New notebook. The following steps will be taken:
1. Manually download eHydro time cubes for the target USACE district from the CIRP website. https://cirp.usace.army.mil/products/csat_districts.php
2. Filter all the time cubes to dates after first light of S2A (2015-06-27).
3. Resample the surveys to 10-meter spatial resolution, matching that of the S2 L2W.nc products from ACOLITE.
4. Use ESA OData and OpenSearch to retrieve the needed .SAFE files.
5. Use ACOLITE to process the acquired .SAFE files, output the merged L2W.nc files
6. Create similar time cubes for the S2 data, making sure to clip to only non-cloudy pixels lying within the survey extents.

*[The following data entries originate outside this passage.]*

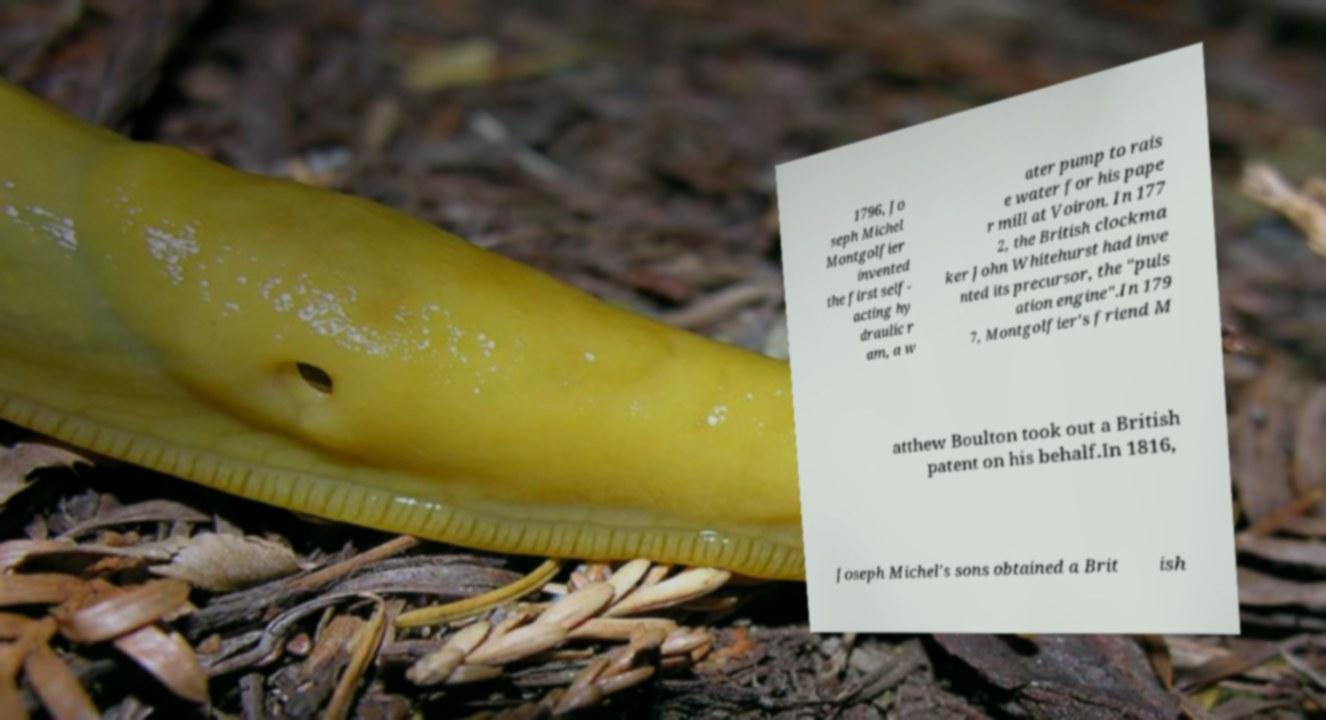Can you accurately transcribe the text from the provided image for me? 1796, Jo seph Michel Montgolfier invented the first self- acting hy draulic r am, a w ater pump to rais e water for his pape r mill at Voiron. In 177 2, the British clockma ker John Whitehurst had inve nted its precursor, the "puls ation engine".In 179 7, Montgolfier's friend M atthew Boulton took out a British patent on his behalf.In 1816, Joseph Michel's sons obtained a Brit ish 
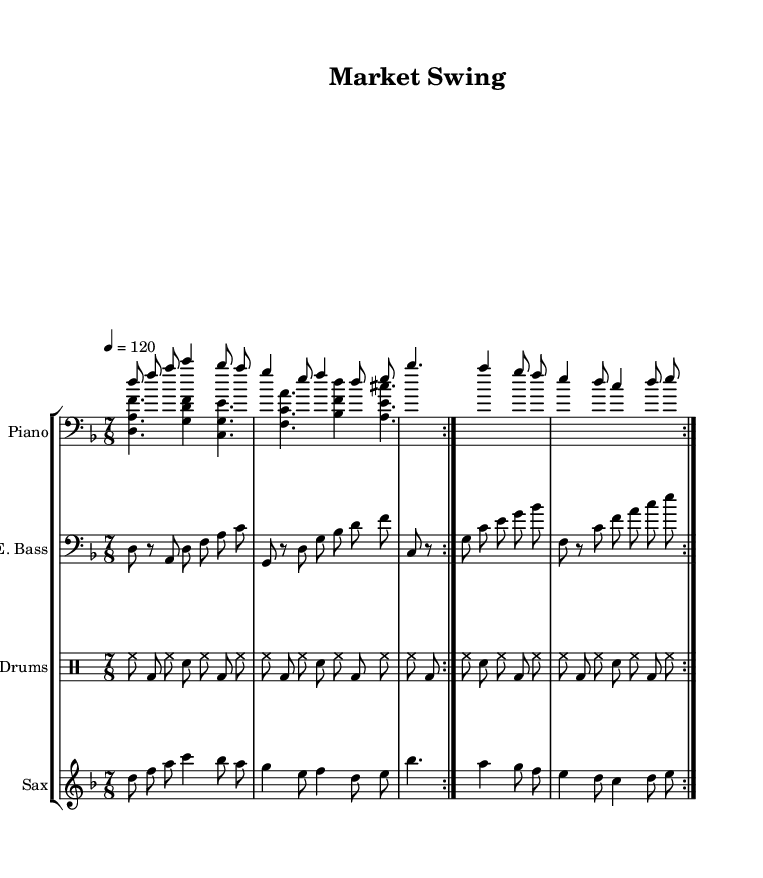What is the key signature of this music? The key signature is indicated at the beginning of the sheet music, with two flats shown on the staff, which corresponds to the key of D minor.
Answer: D minor What is the time signature? The time signature is located at the beginning of the piece, shown as 7/8, indicating that there are seven beats in each measure, and the eighth note gets one beat.
Answer: 7/8 What is the tempo marking? The tempo marking is shown at the beginning, which states "4 = 120," meaning the quarter note should be played at a speed of 120 beats per minute.
Answer: 120 How many times do the piano parts repeat? Both the right-hand and left-hand piano parts show a repeat sign (volta) that indicates they should be played two times in total.
Answer: 2 What is the highest note in the soprano saxophone part? By examining the saxophone part, the highest note is the B flat, which occurs in the second measure of the repeat cycle.
Answer: B flat How does the drum pattern reflect the structure of the music? The drum part follows a consistent pattern of hi-hat, bass drum, and snare drum, which emphasizes the 7/8 time signature by creating a rhythmic pulse that matches the overall swing feel of jazz fusion.
Answer: Consistent pattern

Will need to reproject this data to the appropriate crs.
7. Save all data to an appropriate directory for use when training.

In [None]:
import sys, os
import re
import time
import zipfile
import requests
from datetime import datetime, timedelta
from collections import Counter

# Data handling and analysis
import numpy as np
import pandas as pd
import xarray as xr
import netCDF4 as nc

# Geospatial libraries
import rasterio
from osgeo import gdal
from pyproj import Transformer
import geopandas as gpd
import fiona
from shapely.geometry import Polygon
import asf_search as asf
import ee
from rasterio.features import rasterize
from rasterio.transform import from_origin

# Sentinel Hub
from sentinelhub import (
    SHConfig,
    DataCollection,
    SentinelHubCatalog,
    SentinelHubRequest,
    SentinelHubDownloadClient,
    BBox,
    bbox_to_dimensions,
    CRS,
    MimeType,
    Geometry,
)

# Visualization
import matplotlib.pyplot as plt
from tqdm import tqdm

# Functions

In [None]:
def get_access_token(username: str, password: str) -> str:
    data = {
        "client_id": "cdse-public",
        "username": username,
        "password": password,
        "grant_type": "password",
        "scope": "openid"
    }
    try:
        r = requests.post(
            "https://identity.dataspace.copernicus.eu/auth/realms/CDSE/protocol/openid-connect/token",
            data=data,
        )
        r.raise_for_status()
    except Exception as e:
        raise Exception(
            f"Access token creation failed. Reponse from the server was: {r.json()}"
        )    
    
    return r.json()["access_token"]

In [None]:
# txt file continaing username and password for copernicus browser, as well as the client id and secret for sentinelhub
# you gotta make your own, too lazy to keep typing in my info

with open('/home/clay/Desktop/s2_login_stuff.txt') as f:        
    lines = f.readlines()

config = SHConfig()
config.sh_client_id = lines[0][:-1]
config.sh_client_secret = lines[1][:-1]
config.sh_base_url = 'https://sh.dataspace.copernicus.eu'
config.sh_token_url = 'https://identity.dataspace.copernicus.eu/auth/realms/CDSE/protocol/openid-connect/token'

# Set working directory

In [None]:
usace_code = 'CESWG'
BATHY_PATH = f'/home/clay/Documents/SDB/{usace_code}/bathy'        # directory where the bathymetry data was downloaded
S2_PATH = f'/home/clay/Documents/SDB/{usace_code}/s2_SAFE'
os.makedirs(S2_PATH, exist_ok=True)

# Filter the downloaded bathy time cubes to only contain surveys after S2A first light

going to filter by years instead of S2Date, hopefully will save some time

In [None]:
S2A_DATE = '2015-06-27'
FILTERED_BATHY_PATH = os.path.join(os.path.dirname(BATHY_PATH), 'bathy_filtered')
os.makedirs(FILTERED_BATHY_PATH, exist_ok=True)

In [None]:
# split .nc files by year, makes storage a bit easier.
# will also allow for training models at different dates
# can potentially use some landsat for 15 to 30m historical studies as well

years = ['2015', '2016', '2017', '2018', '2019', '2020', '2021', '2022', '2023', '2024', '2025']
for year in years:
    if year == '2015':
        start_dt = datetime.strptime(f'{year}-06-27', '%Y-%m-%d')
    else:
        start_dt = datetime.strptime(f'{year}-01-01', '%Y-%m-%d')

    if year == '2025':
        end_dt = datetime.strptime(datetime.now().strftime('%Y-%m-%d'), '%Y-%m-%d')
    else:
        end_dt = datetime.strptime(f'{year}-12-31', '%Y-%m-%d')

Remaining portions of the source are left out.